= Paul Reilly (computer scientist) =

Paul Reilly is a pioneer of virtual archaeology and data visualisation in archeology. He was a research scientist at the IBM UK Scientific Centre. He received his B.A. Honours degree in archaeology and history from the University of Leeds and his Ph.D. in computer-based archaeological research, at the Research Centre for Computer Archaeology in North Staffordshire Polytechnic. He has worked on many archaeological excavation and field survey projects in Britain and elsewhere in Europe. From 1986 to 1989 he was an IBM UK Scientific Centre Research Fellow and became Research Scientist in 1989.

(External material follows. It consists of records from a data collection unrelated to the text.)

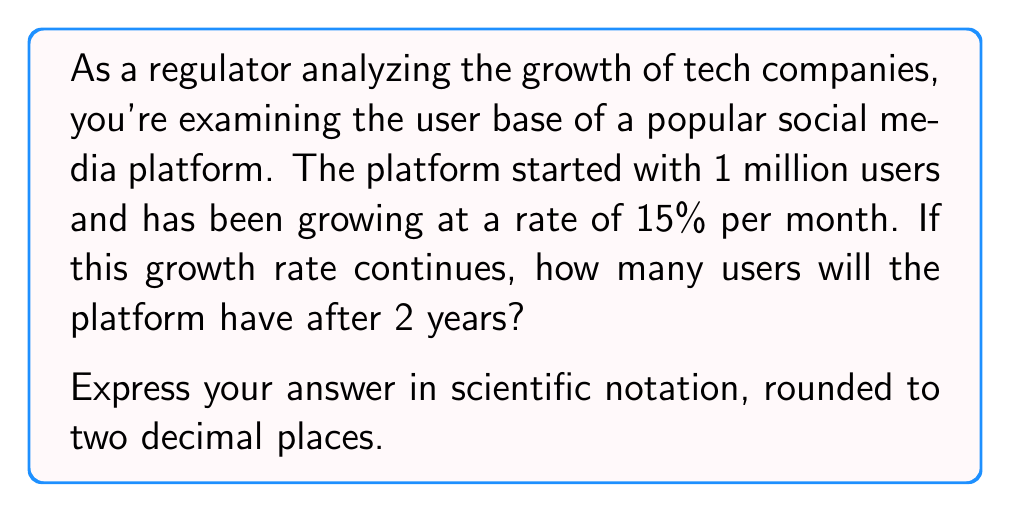Give your solution to this math problem. To solve this problem, we'll use the exponential growth formula:

$$A = P(1 + r)^t$$

Where:
$A$ = Final amount
$P$ = Initial amount (principal)
$r$ = Growth rate (as a decimal)
$t$ = Time period

Given:
$P = 1,000,000$ (1 million users)
$r = 0.15$ (15% monthly growth rate)
$t = 24$ (2 years = 24 months)

Let's substitute these values into the formula:

$$A = 1,000,000(1 + 0.15)^{24}$$

Now, let's calculate:

1) First, simplify inside the parentheses:
   $$(1 + 0.15) = 1.15$$

2) Our equation now looks like this:
   $$A = 1,000,000(1.15)^{24}$$

3) Calculate $(1.15)^{24}$:
   $$(1.15)^{24} \approx 31.772$$

4) Multiply by 1,000,000:
   $$A = 1,000,000 \times 31.772 = 31,772,000$$

5) Express in scientific notation:
   $$A = 3.1772 \times 10^7$$

6) Round to two decimal places:
   $$A = 3.18 \times 10^7$$

Therefore, after 2 years, the platform will have approximately $3.18 \times 10^7$ users.
Answer: $3.18 \times 10^7$ users

He is a Visiting Fellow at the Archaeological Computing Research Group, University of Southampton. He has written many papers and a book, as well as editing several conference proceedings, books and journals relating to computer applications and art practice in archaeological research.

==Selected publications==
- Reilly, P., 1988, Computer Analysis of an Archaeological Landscape: Medieval Land Divisions on the Isle of Man. Oxford: British Archaeological Reports (British Series 190).
- Reilly, P., 1990, "Towards a virtual archaeology". Computer Applications in Archaeology 1990, Edited by K. Lockyear and S. Rahtz. oxford: British Archaeological reports (Int. Series 565), 133–139.
- Reilly, P., 1992, "Three-Dimensional modelling and primary archaeological data". In Archaeology and the Information Age. Edited by P. Reilly and S. Rahtz. London: Routledge, 147-173 (ISBN 9780415078580)
- Reilly, P., Shennan, S., 1989, "Applying solid modeling and animated three-dimensional graphics to Archaeological problems". Computer Applications in Archaeology 1989, Edited by S. Rahtz and J.Richards. Oxford: British Archaeological Reports (Int. Series 548), 157–166.
- Beale, G., Reilly, P. 2015, Additive archaeology: the spirit of virtual archaeology reprinted. In: C. Papadopoulos, E. Paliou, A. Chrysanthi, E. Kotoula, and A. Sarris, eds. Archaeological research in the digital age, Crete. Rethymno: Institute for Mediterranean Studies, 120–128.
- Reilly, P. 2015a. Putting the materials back into virtual archaeology, In: Virtual Archaeology (Methods and Benefits), State Hermitage Publishers, Saint Petersburg, pp 12–23.
- Reilly, P. 2015b. Additive Archaeology: An Alternative Framework for Recontextualising Archaeological Entities, Open Archaeology, 1 (1), ISSN (Online) 2300–6560, DOI: 10.1515/opar-2015-0013, October 2015
- Reilly, P. 2015c. Palimpsests of Immaterial Assemblages Taken out of Context: Tracing Pompeians from the Void into the Digital, Norwegian Archaeological Review, 48 (2). DOI: 10.1080/00293652.2015.1086812.
- Gant, S., Reilly, P. (2017) Different expressions of the same mode: a recent dialogue between archaeological and contemporary drawing practices, Journal of Visual Art Practice, 17(1), pp 100–120. DOI: 10.1080/14702029.2017.1384974.